**Problem:** From the records below, extract only the lines running from the line with "The horizontal FOV is 60.0°." to the line with "- **name**: position", both lines included, reproducing them exactly.

**Exercise materials:**
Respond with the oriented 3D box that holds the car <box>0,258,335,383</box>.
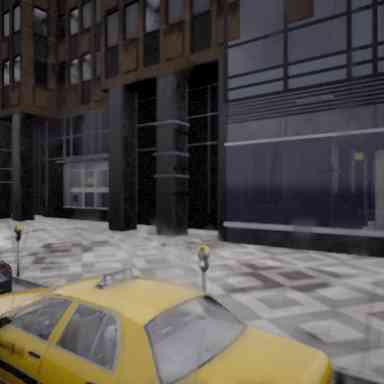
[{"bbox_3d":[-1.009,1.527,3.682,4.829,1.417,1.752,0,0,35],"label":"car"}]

* * *

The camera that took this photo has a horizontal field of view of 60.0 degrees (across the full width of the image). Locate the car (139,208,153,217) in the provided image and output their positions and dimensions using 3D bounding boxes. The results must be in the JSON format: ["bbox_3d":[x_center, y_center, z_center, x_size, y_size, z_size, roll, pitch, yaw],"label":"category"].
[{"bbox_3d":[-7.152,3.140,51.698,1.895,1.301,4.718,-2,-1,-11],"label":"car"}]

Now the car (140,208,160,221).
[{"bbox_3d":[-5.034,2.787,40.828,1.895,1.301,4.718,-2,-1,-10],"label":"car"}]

==

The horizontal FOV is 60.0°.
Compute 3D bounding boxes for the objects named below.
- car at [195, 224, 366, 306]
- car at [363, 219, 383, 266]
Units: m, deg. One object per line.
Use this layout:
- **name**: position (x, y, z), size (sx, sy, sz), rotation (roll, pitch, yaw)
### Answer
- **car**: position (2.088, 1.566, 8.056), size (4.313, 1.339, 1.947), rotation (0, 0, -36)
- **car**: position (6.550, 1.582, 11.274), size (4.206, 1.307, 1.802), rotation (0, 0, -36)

**Task answer:**
The horizontal FOV is 60.0°.
Compute 3D bounding boxes for the objects named below.
- car at [195, 224, 366, 306]
- car at [363, 219, 383, 266]
Units: m, deg. One object per line.
Use this layout:
- **name**: position (x, y, z), size (sx, sy, sz), rotation (roll, pitch, yaw)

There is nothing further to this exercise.